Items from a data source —
# # # #

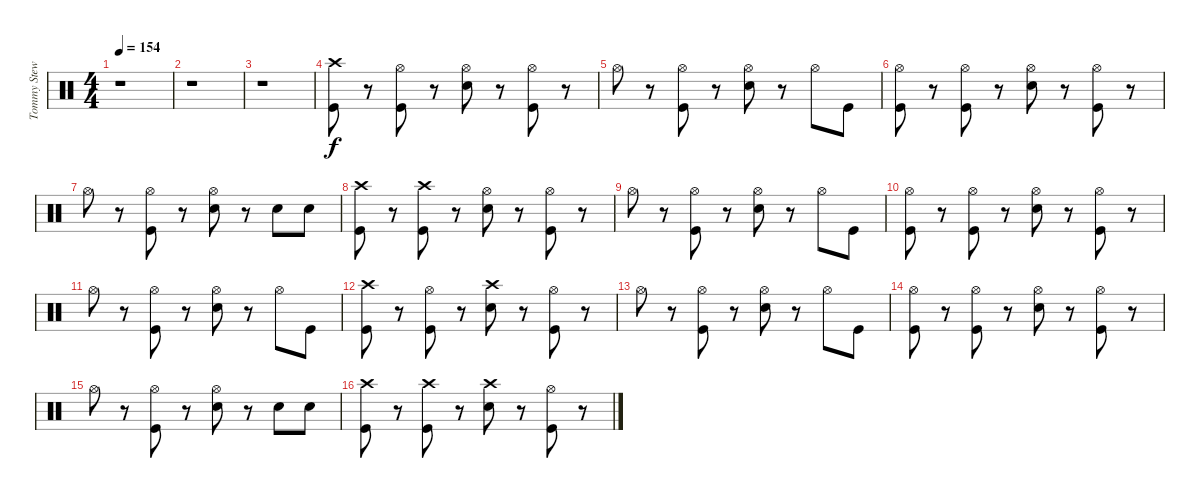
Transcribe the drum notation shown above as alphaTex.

\track ("Tommy Stewart" "Tommy Stew") {instrument percussion}
\staff {score}
\articulation defaults
\ts (4 4)
\tempo 154
\clef neutral
\ks c
r.1{dy f} |
r.1 |
r.1 |
("Crash high (hit)" "Kick (hit)").8 r.8 ("Hi-Hat (open)" "Kick (hit)").8 r.8 ("Hi-Hat (open)" "Snare (hit) 2").8 r.8 ("Hi-Hat (open)" "Kick (hit)").8 r.8 |
"Hi-Hat (open)".8 r.8 ("Hi-Hat (open)" "Kick (hit)").8 r.8 ("Hi-Hat (open)" "Snare (hit) 2").8 r.8 "Hi-Hat (open)".8 "Kick (hit)".8 |
("Hi-Hat (open)" "Kick (hit)").8 r.8 ("Hi-Hat (open)" "Kick (hit)").8 r.8 ("Hi-Hat (open)" "Snare (hit) 2").8 r.8 ("Hi-Hat (open)" "Kick (hit)").8 r.8 |
"Hi-Hat (open)".8 r.8 ("Hi-Hat (open)" "Kick (hit)").8 r.8 ("Hi-Hat (open)" "Snare (hit) 2").8 r.8 "Snare (hit) 2".8 "Snare (hit) 2".8 |
("Crash high (hit)" "Kick (hit)").8 r.8 ("Crash high (hit)" "Kick (hit)").8 r.8 ("Hi-Hat (open)" "Snare (hit) 2").8 r.8 ("Hi-Hat (open)" "Kick (hit)").8 r.8 |
"Hi-Hat (open)".8 r.8 ("Hi-Hat (open)" "Kick (hit)").8 r.8 ("Hi-Hat (open)" "Snare (hit) 2").8 r.8 "Hi-Hat (open)".8 "Kick (hit)".8 |
("Hi-Hat (open)" "Kick (hit)").8 r.8 ("Hi-Hat (open)" "Kick (hit)").8 r.8 ("Hi-Hat (open)" "Snare (hit) 2").8 r.8 ("Hi-Hat (open)" "Kick (hit)").8 r.8 |
"Hi-Hat (open)".8 r.8 ("Hi-Hat (open)" "Kick (hit)").8 r.8 ("Hi-Hat (open)" "Snare (hit) 2").8 r.8 "Hi-Hat (open)".8 "Kick (hit)".8 |
("Crash high (hit)" "Kick (hit)").8 r.8 ("Hi-Hat (open)" "Kick (hit)").8 r.8 ("Crash high (hit)" "Snare (hit) 2").8 r.8 ("Hi-Hat (open)" "Kick (hit)").8 r.8 |
"Hi-Hat (open)".8 r.8 ("Hi-Hat (open)" "Kick (hit)").8 r.8 ("Hi-Hat (open)" "Snare (hit) 2").8 r.8 "Hi-Hat (open)".8 "Kick (hit)".8 |
("Hi-Hat (open)" "Kick (hit)").8 r.8 ("Hi-Hat (open)" "Kick (hit)").8 r.8 ("Hi-Hat (open)" "Snare (hit) 2").8 r.8 ("Hi-Hat (open)" "Kick (hit)").8 r.8 |
"Hi-Hat (open)".8 r.8 ("Hi-Hat (open)" "Kick (hit)").8 r.8 ("Hi-Hat (open)" "Snare (hit) 2").8 r.8 "Snare (hit) 2".8 "Snare (hit) 2".8 |
("Crash high (hit)" "Kick (hit)").8 r.8 ("Crash high (hit)" "Kick (hit)").8 r.8 ("Crash high (hit)" "Snare (hit) 2").8 r.8 ("Hi-Hat (open)" "Kick (hit)").8 r.8

# # # #

What to produce — Every line above carrying the word "Crash" needs to be shown.

Solution to this task —
("Crash high (hit)" "Kick (hit)").8 r.8 ("Hi-Hat (open)" "Kick (hit)").8 r.8 ("Hi-Hat (open)" "Snare (hit) 2").8 r.8 ("Hi-Hat (open)" "Kick (hit)").8 r.8 |
("Crash high (hit)" "Kick (hit)").8 r.8 ("Crash high (hit)" "Kick (hit)").8 r.8 ("Hi-Hat (open)" "Snare (hit) 2").8 r.8 ("Hi-Hat (open)" "Kick (hit)").8 r.8 |
("Crash high (hit)" "Kick (hit)").8 r.8 ("Hi-Hat (open)" "Kick (hit)").8 r.8 ("Crash high (hit)" "Snare (hit) 2").8 r.8 ("Hi-Hat (open)" "Kick (hit)").8 r.8 |
("Crash high (hit)" "Kick (hit)").8 r.8 ("Crash high (hit)" "Kick (hit)").8 r.8 ("Crash high (hit)" "Snare (hit) 2").8 r.8 ("Hi-Hat (open)" "Kick (hit)").8 r.8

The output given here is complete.